### REQUIRED ACTION
Using the data below, work out how many lines contain "Very", and report only that number.

===== INPUT FOR THIS TASK =====

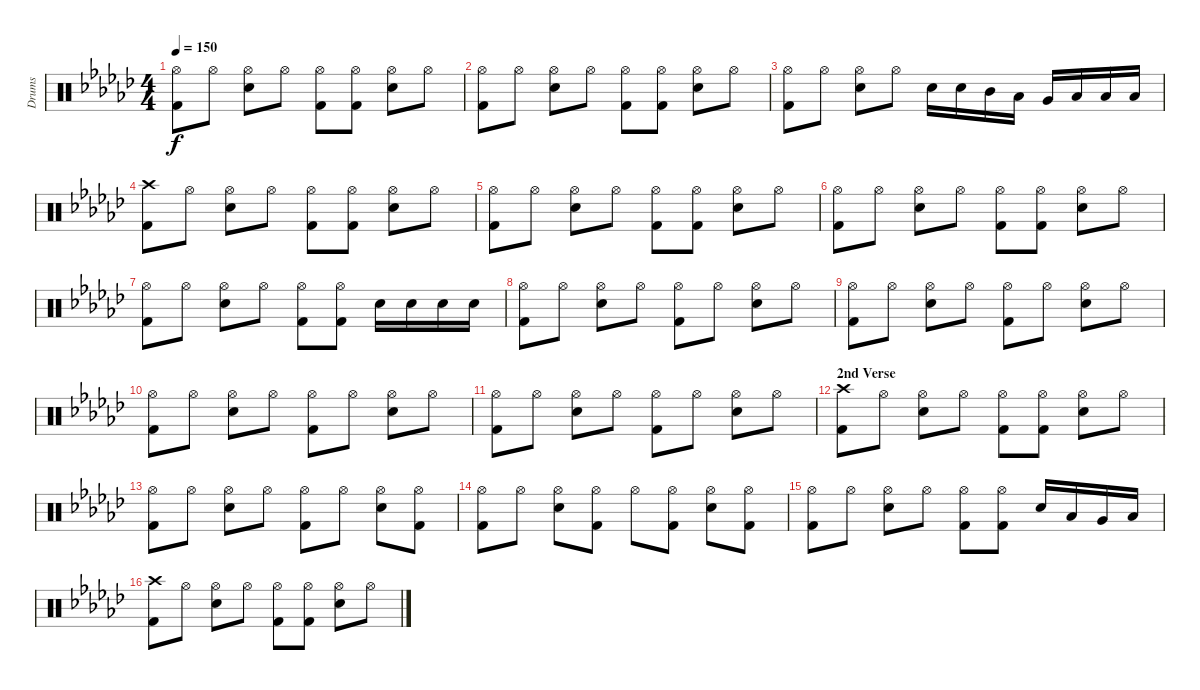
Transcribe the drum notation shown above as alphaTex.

\track ("Drums" "Drums") {instrument percussion}
\staff {score}
\articulation defaults
\ts (4 4)
\tempo 150
\clef neutral
\ks gb
("Hi-Hat (open)" "Kick (hit) 2").8{dy f} "Hi-Hat (open)".8 ("Hi-Hat (open)" "Electric Snare (hit)").8 "Hi-Hat (open)".8 ("Hi-Hat (open)" "Kick (hit) 2").8 ("Hi-Hat (open)" "Kick (hit) 2").8 ("Hi-Hat (open)" "Electric Snare (hit)").8 "Hi-Hat (open)".8 |
("Hi-Hat (open)" "Kick (hit) 2").8 "Hi-Hat (open)".8 ("Hi-Hat (open)" "Electric Snare (hit)").8 "Hi-Hat (open)".8 ("Hi-Hat (open)" "Kick (hit) 2").8 ("Hi-Hat (open)" "Kick (hit) 2").8 ("Hi-Hat (open)" "Electric Snare (hit)").8 "Hi-Hat (open)".8 |
("Hi-Hat (open)" "Kick (hit) 2").8 "Hi-Hat (open)".8 ("Hi-Hat (open)" "Electric Snare (hit)").8 "Hi-Hat (open)".8 "Electric Snare (hit)".16 "Electric Snare (hit)".16 "Mid Tom (hit)".16 "Low Tom (hit)".16 "Very Low Tom (hit)".16 "Low Floor Tom (hit)".16 "Low Floor Tom (hit)".16 "Low Floor Tom (hit)".16 |
("Crash high (hit)" "Kick (hit) 2").8 "Hi-Hat (open)".8 ("Hi-Hat (open)" "Electric Snare (hit)").8 "Hi-Hat (open)".8 ("Hi-Hat (open)" "Kick (hit) 2").8 ("Hi-Hat (open)" "Kick (hit) 2").8 ("Hi-Hat (open)" "Electric Snare (hit)").8 "Hi-Hat (open)".8 |
("Hi-Hat (open)" "Kick (hit) 2").8 "Hi-Hat (open)".8 ("Hi-Hat (open)" "Electric Snare (hit)").8 "Hi-Hat (open)".8 ("Hi-Hat (open)" "Kick (hit) 2").8 ("Hi-Hat (open)" "Kick (hit) 2").8 ("Hi-Hat (open)" "Electric Snare (hit)").8 "Hi-Hat (open)".8 |
("Hi-Hat (open)" "Kick (hit) 2").8 "Hi-Hat (open)".8 ("Hi-Hat (open)" "Electric Snare (hit)").8 "Hi-Hat (open)".8 ("Hi-Hat (open)" "Kick (hit) 2").8 ("Hi-Hat (open)" "Kick (hit) 2").8 ("Hi-Hat (open)" "Electric Snare (hit)").8 "Hi-Hat (open)".8 |
("Hi-Hat (open)" "Kick (hit) 2").8 "Hi-Hat (open)".8 ("Hi-Hat (open)" "Electric Snare (hit)").8 "Hi-Hat (open)".8 ("Hi-Hat (open)" "Kick (hit) 2").8 ("Hi-Hat (open)" "Kick (hit) 2").8 "Electric Snare (hit)".16 "Electric Snare (hit)".16 "Electric Snare (hit)".16 "Electric Snare (hit)".16 |
("Hi-Hat (open)" "Kick (hit) 2").8 "Hi-Hat (open)".8 ("Hi-Hat (open)" "Electric Snare (hit)").8 "Hi-Hat (open)".8 ("Hi-Hat (open)" "Kick (hit) 2").8 "Hi-Hat (open)".8 ("Hi-Hat (open)" "Electric Snare (hit)").8 "Hi-Hat (open)".8 |
("Hi-Hat (open)" "Kick (hit) 2").8 "Hi-Hat (open)".8 ("Hi-Hat (open)" "Electric Snare (hit)").8 "Hi-Hat (open)".8 ("Hi-Hat (open)" "Kick (hit) 2").8 "Hi-Hat (open)".8 ("Hi-Hat (open)" "Electric Snare (hit)").8 "Hi-Hat (open)".8 |
("Hi-Hat (open)" "Kick (hit) 2").8 "Hi-Hat (open)".8 ("Hi-Hat (open)" "Electric Snare (hit)").8 "Hi-Hat (open)".8 ("Hi-Hat (open)" "Kick (hit) 2").8 "Hi-Hat (open)".8 ("Hi-Hat (open)" "Electric Snare (hit)").8 "Hi-Hat (open)".8 |
("Hi-Hat (open)" "Kick (hit) 2").8 "Hi-Hat (open)".8 ("Hi-Hat (open)" "Electric Snare (hit)").8 "Hi-Hat (open)".8 ("Hi-Hat (open)" "Kick (hit) 2").8 "Hi-Hat (open)".8 ("Hi-Hat (open)" "Electric Snare (hit)").8 "Hi-Hat (open)".8 |
\section ("" "2nd Verse")
("Crash high (hit)" "Kick (hit) 2").8 "Hi-Hat (open)".8 ("Hi-Hat (open)" "Electric Snare (hit)").8 "Hi-Hat (open)".8 ("Hi-Hat (open)" "Kick (hit) 2").8 ("Hi-Hat (open)" "Kick (hit) 2").8 ("Hi-Hat (open)" "Electric Snare (hit)").8 "Hi-Hat (open)".8 |
("Hi-Hat (open)" "Kick (hit) 2").8 "Hi-Hat (open)".8 ("Hi-Hat (open)" "Electric Snare (hit)").8 "Hi-Hat (open)".8 ("Hi-Hat (open)" "Kick (hit) 2").8 "Hi-Hat (open)".8 ("Hi-Hat (open)" "Electric Snare (hit)").8 ("Hi-Hat (open)" "Kick (hit) 2").8 |
("Hi-Hat (open)" "Kick (hit) 2").8 "Hi-Hat (open)".8 ("Hi-Hat (open)" "Electric Snare (hit)").8 ("Hi-Hat (open)" "Kick (hit) 2").8 "Hi-Hat (open)".8 ("Hi-Hat (open)" "Kick (hit) 2").8 ("Hi-Hat (open)" "Electric Snare (hit)").8 ("Hi-Hat (open)" "Kick (hit) 2").8 |
("Hi-Hat (open)" "Kick (hit) 2").8 "Hi-Hat (open)".8 ("Hi-Hat (open)" "Electric Snare (hit)").8 "Hi-Hat (open)".8 ("Hi-Hat (open)" "Kick (hit) 2").8 ("Hi-Hat (open)" "Kick (hit) 2").8 "Electric Snare (hit)".16 "Low Tom (hit)".16 "Very Low Tom (hit)".16 "Low Floor Tom (hit)".16 |
("Crash high (hit)" "Kick (hit) 2").8 "Hi-Hat (open)".8 ("Hi-Hat (open)" "Electric Snare (hit)").8 "Hi-Hat (open)".8 ("Hi-Hat (open)" "Kick (hit) 2").8 ("Hi-Hat (open)" "Kick (hit) 2").8 ("Hi-Hat (open)" "Electric Snare (hit)").8 "Hi-Hat (open)".8
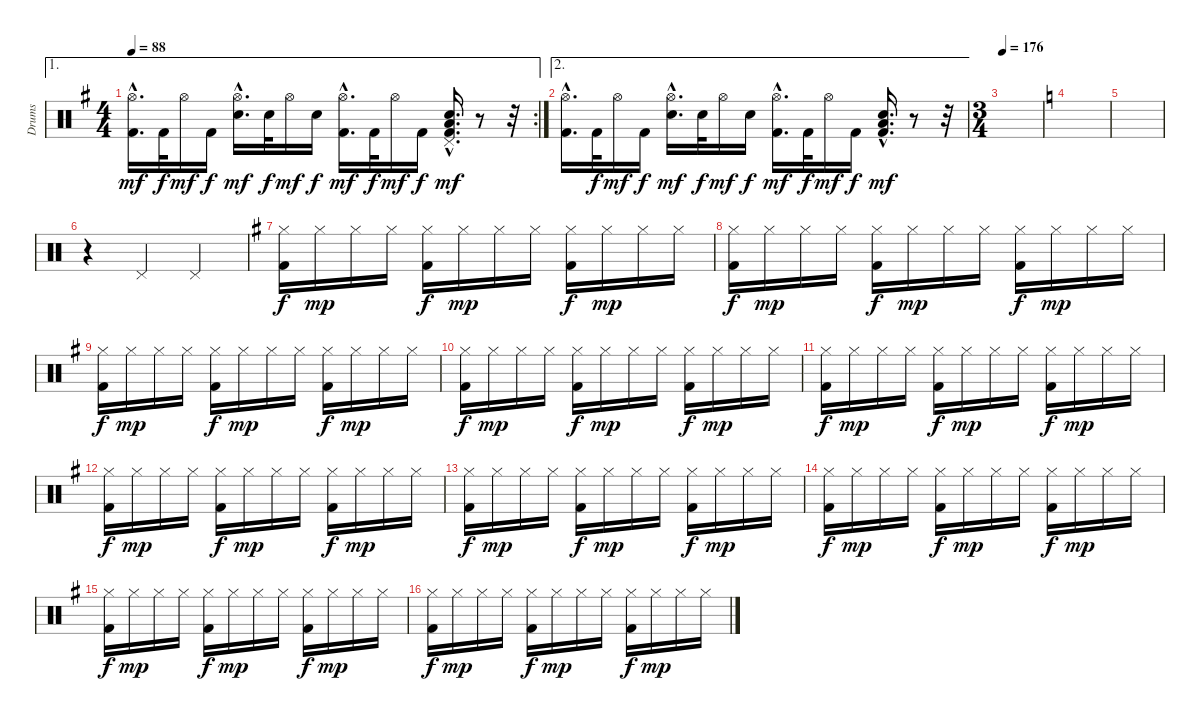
\track ("Drums" "Drums") {instrument percussion}
\staff {score}
\articulation defaults
\ae 1
\rc 2
\ts (4 4)
\tempo 88
\clef neutral
\ks g
("Hi-Hat (open)"{hac} "Kick (hit) 2"{hac}).16{d dy mf} "Kick (hit) 2".32{dy f} "Hi-Hat (open)".16{dy mf} "Kick (hit) 2".16{dy f} ("Hi-Hat (open)"{hac} "Snare (hit) 2"{hac}).16{d dy mf} "Snare (hit) 2".32{dy f} "Hi-Hat (open)".16{dy mf} "Snare (hit) 2".16{dy f} ("Hi-Hat (open)"{hac} "Kick (hit) 2"{hac}).16{d dy mf} "Kick (hit) 2".32{dy f} "Hi-Hat (open)".16{dy mf} "Kick (hit) 2".16{dy f} ("Pedal Hi-Hat (hit)"{hac} "Snare (hit) 2"{hac} "Low Floor Tom (hit)"{hac} "Kick (hit) 2"{hac}).16{d dy mf} r.8 r.32 |
\ae 2
("Hi-Hat (open)"{hac} "Kick (hit) 2"{hac}).16{d} "Kick (hit) 2".32{dy f} "Hi-Hat (open)".16{dy mf} "Kick (hit) 2".16{dy f} ("Hi-Hat (open)"{hac} "Snare (hit) 2"{hac}).16{d dy mf} "Snare (hit) 2".32{dy f} "Hi-Hat (open)".16{dy mf} "Snare (hit) 2".16{dy f} ("Hi-Hat (open)"{hac} "Kick (hit) 2"{hac}).16{d dy mf} "Kick (hit) 2".32{dy f} "Hi-Hat (open)".16{dy mf} "Kick (hit) 2".16{dy f} ("Snare (hit) 2"{hac} "Low Floor Tom (hit)"{hac} "Kick (hit) 2"{hac}).16{d dy mf} r.8 r.32 |
\ts (3 4)
\tempo 176
|
\ks c
|
|
r.4 "Pedal Hi-Hat (hit)".4 "Pedal Hi-Hat (hit)".4 |
\ks g
("Hi-Hat (closed)" "Kick (hit) 2").16{dy f} "Hi-Hat (closed)".16{dy mp} "Hi-Hat (closed)".16 "Hi-Hat (closed)".16 ("Hi-Hat (closed)" "Kick (hit) 2").16{dy f} "Hi-Hat (closed)".16{dy mp} "Hi-Hat (closed)".16 "Hi-Hat (closed)".16 ("Hi-Hat (closed)" "Kick (hit) 2").16{dy f} "Hi-Hat (closed)".16{dy mp} "Hi-Hat (closed)".16 "Hi-Hat (closed)".16 |
("Hi-Hat (closed)" "Kick (hit) 2").16{dy f} "Hi-Hat (closed)".16{dy mp} "Hi-Hat (closed)".16 "Hi-Hat (closed)".16 ("Hi-Hat (closed)" "Kick (hit) 2").16{dy f} "Hi-Hat (closed)".16{dy mp} "Hi-Hat (closed)".16 "Hi-Hat (closed)".16 ("Hi-Hat (closed)" "Kick (hit) 2").16{dy f} "Hi-Hat (closed)".16{dy mp} "Hi-Hat (closed)".16 "Hi-Hat (closed)".16 |
("Hi-Hat (closed)" "Kick (hit) 2").16{dy f} "Hi-Hat (closed)".16{dy mp} "Hi-Hat (closed)".16 "Hi-Hat (closed)".16 ("Hi-Hat (closed)" "Kick (hit) 2").16{dy f} "Hi-Hat (closed)".16{dy mp} "Hi-Hat (closed)".16 "Hi-Hat (closed)".16 ("Hi-Hat (closed)" "Kick (hit) 2").16{dy f} "Hi-Hat (closed)".16{dy mp} "Hi-Hat (closed)".16 "Hi-Hat (closed)".16 |
("Hi-Hat (closed)" "Kick (hit) 2").16{dy f} "Hi-Hat (closed)".16{dy mp} "Hi-Hat (closed)".16 "Hi-Hat (closed)".16 ("Hi-Hat (closed)" "Kick (hit) 2").16{dy f} "Hi-Hat (closed)".16{dy mp} "Hi-Hat (closed)".16 "Hi-Hat (closed)".16 ("Hi-Hat (closed)" "Kick (hit) 2").16{dy f} "Hi-Hat (closed)".16{dy mp} "Hi-Hat (closed)".16 "Hi-Hat (closed)".16 |
("Hi-Hat (closed)" "Kick (hit) 2").16{dy f} "Hi-Hat (closed)".16{dy mp} "Hi-Hat (closed)".16 "Hi-Hat (closed)".16 ("Hi-Hat (closed)" "Kick (hit) 2").16{dy f} "Hi-Hat (closed)".16{dy mp} "Hi-Hat (closed)".16 "Hi-Hat (closed)".16 ("Hi-Hat (closed)" "Kick (hit) 2").16{dy f} "Hi-Hat (closed)".16{dy mp} "Hi-Hat (closed)".16 "Hi-Hat (closed)".16 |
("Hi-Hat (closed)" "Kick (hit) 2").16{dy f} "Hi-Hat (closed)".16{dy mp} "Hi-Hat (closed)".16 "Hi-Hat (closed)".16 ("Hi-Hat (closed)" "Kick (hit) 2").16{dy f} "Hi-Hat (closed)".16{dy mp} "Hi-Hat (closed)".16 "Hi-Hat (closed)".16 ("Hi-Hat (closed)" "Kick (hit) 2").16{dy f} "Hi-Hat (closed)".16{dy mp} "Hi-Hat (closed)".16 "Hi-Hat (closed)".16 |
("Hi-Hat (closed)" "Kick (hit) 2").16{dy f} "Hi-Hat (closed)".16{dy mp} "Hi-Hat (closed)".16 "Hi-Hat (closed)".16 ("Hi-Hat (closed)" "Kick (hit) 2").16{dy f} "Hi-Hat (closed)".16{dy mp} "Hi-Hat (closed)".16 "Hi-Hat (closed)".16 ("Hi-Hat (closed)" "Kick (hit) 2").16{dy f} "Hi-Hat (closed)".16{dy mp} "Hi-Hat (closed)".16 "Hi-Hat (closed)".16 |
("Hi-Hat (closed)" "Kick (hit) 2").16{dy f} "Hi-Hat (closed)".16{dy mp} "Hi-Hat (closed)".16 "Hi-Hat (closed)".16 ("Hi-Hat (closed)" "Kick (hit) 2").16{dy f} "Hi-Hat (closed)".16{dy mp} "Hi-Hat (closed)".16 "Hi-Hat (closed)".16 ("Hi-Hat (closed)" "Kick (hit) 2").16{dy f} "Hi-Hat (closed)".16{dy mp} "Hi-Hat (closed)".16 "Hi-Hat (closed)".16 |
("Hi-Hat (closed)" "Kick (hit) 2").16{dy f} "Hi-Hat (closed)".16{dy mp} "Hi-Hat (closed)".16 "Hi-Hat (closed)".16 ("Hi-Hat (closed)" "Kick (hit) 2").16{dy f} "Hi-Hat (closed)".16{dy mp} "Hi-Hat (closed)".16 "Hi-Hat (closed)".16 ("Hi-Hat (closed)" "Kick (hit) 2").16{dy f} "Hi-Hat (closed)".16{dy mp} "Hi-Hat (closed)".16 "Hi-Hat (closed)".16 |
("Hi-Hat (closed)" "Kick (hit) 2").16{dy f} "Hi-Hat (closed)".16{dy mp} "Hi-Hat (closed)".16 "Hi-Hat (closed)".16 ("Hi-Hat (closed)" "Kick (hit) 2").16{dy f} "Hi-Hat (closed)".16{dy mp} "Hi-Hat (closed)".16 "Hi-Hat (closed)".16 ("Hi-Hat (closed)" "Kick (hit) 2").16{dy f} "Hi-Hat (closed)".16{dy mp} "Hi-Hat (closed)".16 "Hi-Hat (closed)".16

=====

### YOUR RESPONSE
2